Yesterday, I finished the rough draft of an article that has been killing me for three weeks. The editor can’t look at it for another week, so I have a nice reprieve. I don’t want it to come out until after the holidays anyways, because nobody reads online articles in December.
Tomorrow, I’m going into New York City to watch a video team prepare a short clip on an alternative school. I’m supposed to write an accompanying article for the video, but I won’t have to do much until January.
So, I’m finally able to get my holiday chores in order. I’ll run to the mall in an hour, after the Adobe technical team and I hash out the last issue with transferring my old computer applications to my new computer.
I need this day really, really badly. We’re all off our game here with my work and Steve’s. Steve got a nice promotion this week. Yay, Steve. But he’s had a couple of late nights with holiday parties and all that, so I haven’t had his help with Ian’s homework and kitchen cleanup. He’s going to have more responsibilities at work, so that means more for me at home. Which is fine. It’s not like I have two little kids with one being very autistic-y anymore. I can get a full day of work done in my little office and get to the gym and make dinner.
In the early days of Apt. 11D, I was very frustrated by my inability to make progress professionally while having responsibility with the kids. Poverty made things more complicated, because we couldn’t afford help; we lived in an area that only had very expensive help.
Autism made things even more complicated, because nobody could help. If Ian threw up in the school cafeteria, because of food sensitivities, only I could drop everything to pick him up from school. Only I could go to the IEP meetings. Only I could calm him down when his anxieties got the best of him. Only I could understand his garbled speech. We’re in a whole different place now. Today, he plays with the school marching band.
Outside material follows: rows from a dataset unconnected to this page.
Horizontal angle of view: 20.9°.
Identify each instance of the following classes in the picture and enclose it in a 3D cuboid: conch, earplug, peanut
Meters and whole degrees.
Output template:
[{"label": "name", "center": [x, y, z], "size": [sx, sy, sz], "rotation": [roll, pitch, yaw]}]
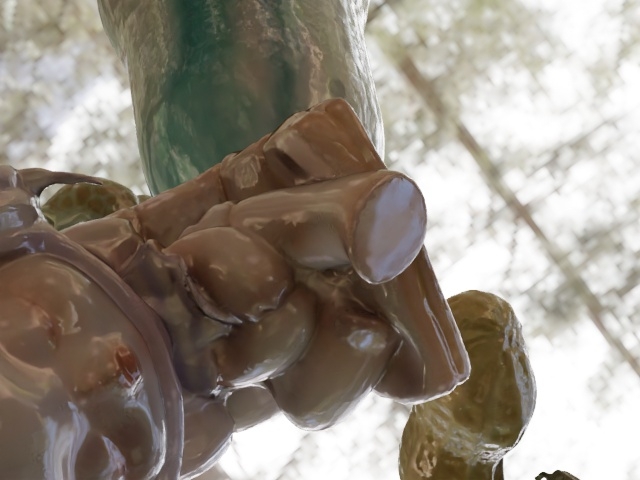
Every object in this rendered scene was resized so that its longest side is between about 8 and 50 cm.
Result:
[{"label": "conch", "center": [-0.237, -0.001, 1.731], "size": [0.116, 0.106, 0.173], "rotation": [-7, -148, 51]}, {"label": "earplug", "center": [-0.038, -0.084, 1.026], "size": [0.185, 0.185, 0.324], "rotation": [-35, -149, 14]}, {"label": "peanut", "center": [0.144, 0.178, 1.658], "size": [0.125, 0.274, 0.111], "rotation": [26, -147, 33]}]

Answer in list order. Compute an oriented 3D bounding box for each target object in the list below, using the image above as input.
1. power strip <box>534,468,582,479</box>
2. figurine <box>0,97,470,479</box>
[{"label": "power strip", "center": [0.283, 0.297, 1.603], "size": [0.078, 0.052, 0.272], "rotation": [-52, -145, -5]}, {"label": "figurine", "center": [-0.080, 0.048, 0.556], "size": [0.236, 0.162, 0.141], "rotation": [-22, -174, -21]}]
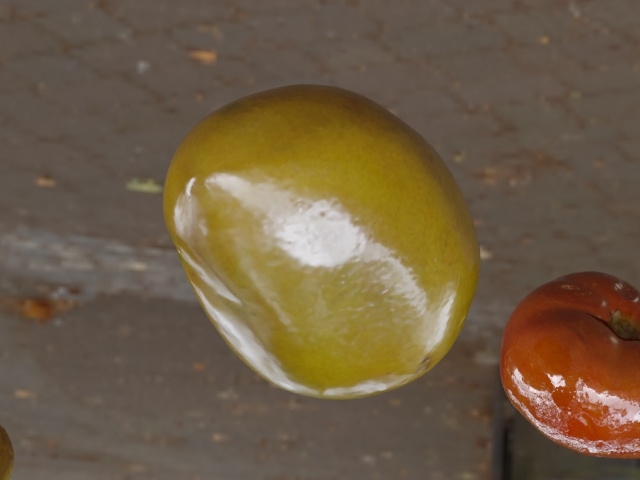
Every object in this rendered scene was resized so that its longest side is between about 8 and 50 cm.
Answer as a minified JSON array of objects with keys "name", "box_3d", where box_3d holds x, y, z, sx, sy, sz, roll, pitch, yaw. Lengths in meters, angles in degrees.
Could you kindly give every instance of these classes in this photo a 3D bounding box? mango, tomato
[{"name":"mango","box_3d":[0.000,0.000,1.761,0.300,0.232,0.446,-35,140,8]},{"name":"tomato","box_3d":[0.341,0.160,2.058,0.259,0.260,0.180,8,124,-18]}]

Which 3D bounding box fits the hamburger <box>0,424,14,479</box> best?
[{"name":"hamburger","box_3d":[-0.433,0.308,1.970,0.156,0.144,0.283,11,-153,3]}]

Steve and I were thinking about poverty this week. When we were finishing off our dissertations and Jonah was a toddler, we survived in New York City on $30,000 for the whole year. Even a couple of years on, when I first started blogging here, we made very little. We’ve been thinking back to the poverty years and how time-consuming poverty was.
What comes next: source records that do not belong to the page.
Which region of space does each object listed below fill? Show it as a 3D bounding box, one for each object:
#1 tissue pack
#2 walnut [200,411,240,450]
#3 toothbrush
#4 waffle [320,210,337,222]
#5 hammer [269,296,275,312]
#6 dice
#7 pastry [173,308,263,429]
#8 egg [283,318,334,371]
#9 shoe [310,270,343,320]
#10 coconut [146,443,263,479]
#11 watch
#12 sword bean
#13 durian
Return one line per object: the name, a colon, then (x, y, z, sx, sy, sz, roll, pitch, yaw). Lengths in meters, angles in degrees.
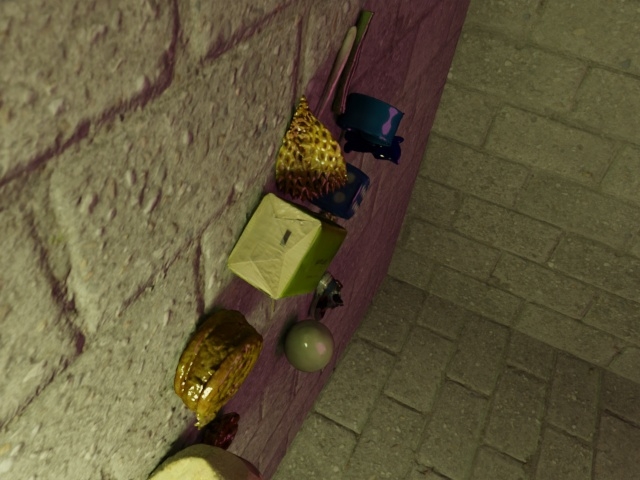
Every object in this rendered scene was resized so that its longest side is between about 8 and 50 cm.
tissue pack: (-0.069, 0.017, 1.287, 0.200, 0.167, 0.274, -60, 167, 5)
walnut: (-0.299, 0.578, 1.557, 0.170, 0.069, 0.143, -34, 144, -67)
toothbrush: (0.027, -0.382, 1.321, 0.029, 0.025, 0.307, -26, 138, -81)
waffle: (0.000, 0.000, 1.764, 0.208, 0.054, 0.214, -33, 139, -60)
hammer: (-0.144, 0.188, 1.625, 0.029, 0.014, 0.123, -49, 162, -27)
dice: (0.050, -0.148, 1.541, 0.146, 0.146, 0.143, -62, 168, 0)
pastry: (-0.237, 0.279, 1.231, 0.240, 0.132, 0.235, -46, 165, -38)
egg: (-0.041, 0.385, 1.950, 0.187, 0.186, 0.253, -61, 167, -19)
shoe: (0.039, 0.238, 2.145, 0.099, 0.125, 0.228, -48, 155, -59)
coconut: (-0.283, 0.681, 1.345, 0.297, 0.297, 0.309, -61, 161, -22)
watch: (0.150, -0.329, 1.524, 0.200, 0.196, 0.171, 5, 99, -83)
sword bean: (0.081, -0.457, 1.381, 0.043, 0.038, 0.269, -6, 122, -45)
durian: (-0.029, -0.173, 1.273, 0.186, 0.154, 0.260, -36, 151, 7)
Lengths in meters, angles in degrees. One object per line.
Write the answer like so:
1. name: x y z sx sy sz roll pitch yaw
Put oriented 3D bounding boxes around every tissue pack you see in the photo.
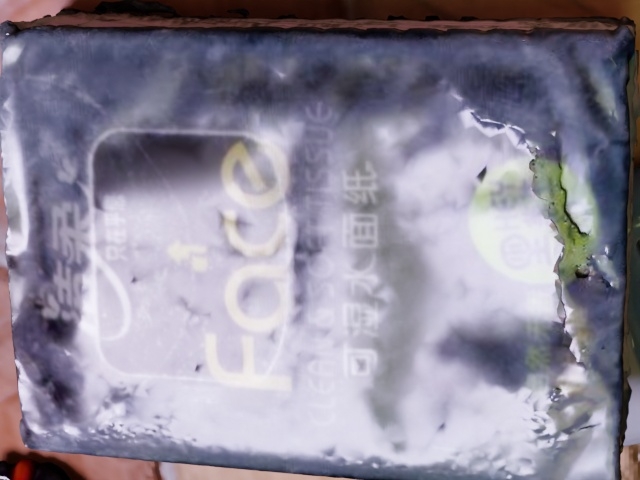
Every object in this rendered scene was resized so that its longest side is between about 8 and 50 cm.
1. tissue pack: 0.000 0.000 0.563 0.236 0.073 0.173 4 102 15

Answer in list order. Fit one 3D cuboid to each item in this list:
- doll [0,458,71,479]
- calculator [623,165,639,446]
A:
1. doll: -0.099 0.188 0.721 0.249 0.088 0.127 28 122 -2
2. calculator: 0.092 0.037 0.619 0.210 0.039 0.121 -14 118 19
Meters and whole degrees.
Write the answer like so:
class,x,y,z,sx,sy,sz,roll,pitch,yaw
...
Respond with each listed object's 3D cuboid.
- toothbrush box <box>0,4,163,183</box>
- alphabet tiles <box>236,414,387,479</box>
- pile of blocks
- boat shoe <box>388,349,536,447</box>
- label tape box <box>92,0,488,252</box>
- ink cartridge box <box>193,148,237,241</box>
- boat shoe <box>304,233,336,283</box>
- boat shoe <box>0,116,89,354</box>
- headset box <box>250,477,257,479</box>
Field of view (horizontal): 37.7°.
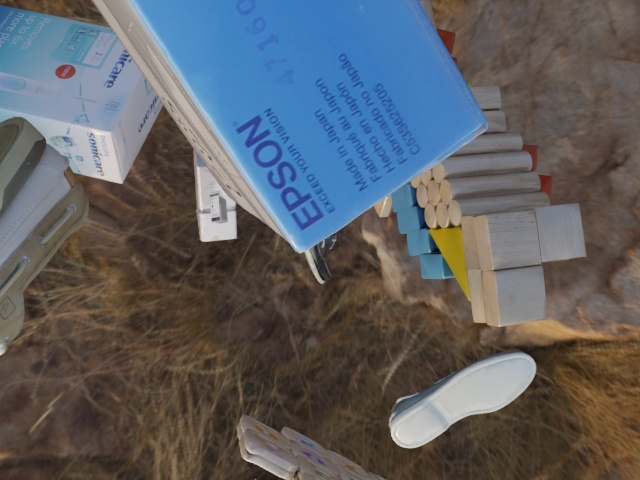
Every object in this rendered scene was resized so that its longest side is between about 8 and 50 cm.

Being poor meant some obvious hardships. I had one pair of shoes. I returned Christmas presents in order to buy diapers. We didn’t go to restaurants. No vacations. But it also meant that I had to get WIC to purchase baby formula. That took time. I had to walk twenty blocks to Columbia Presbyterian, talk with a bureaucrat, attend mandatory lectures on health, get the vouchers, walk to a supermarket that accepted the vouchers, haul the supplies back to the apartment.
Doing laundry was horrible. After a week with a kid with a stomach virus, we would have to carry all those stinking clothes and towels down four flights of stairs and around the corner to the laundromat. I couldn’t carry it on my own, so laundry had to wait until Steve could help. We would spend all Saturday afternoon in the laundromat, while pushing Jonah around on the wheelie laundry carts.
We couldn’t afford the fancy pre-school at the hospital, so I had to walk Jonah to the cheaper half-day school which was almost two miles away. Ian would be strapped to my stomach in one of the baby sacks.
I got shingles from the stress.
Why did we do that? We were in our mid 30s. Other people our age had nice jobs in law or business. Many already owned their own homes. As “smart” people, why were we living like that? We didn’t have much choice. We had to dig ourselves out of the hole that we got in by spending our 20s in grad school training for jobs that didn’t exist.
Being bourgeois now has meant that I can buy an extravagant coat for Steve for Christmas and replace my computer without excessive stress. We’re not so rich that we can afford a private college for Jonah or a new car for Steve, but we’re coat and computer level secure. It’s nice.
I’ve been thinking a lot about what I want to write about in 2018. I think it’s going to be mostly about people like the 30-year old me, not bourgeois me. I don’t make a lot of money with writing, but I do have a nice soapbox. I’m going to put a laser focus on those issues in 2018. It will be fun.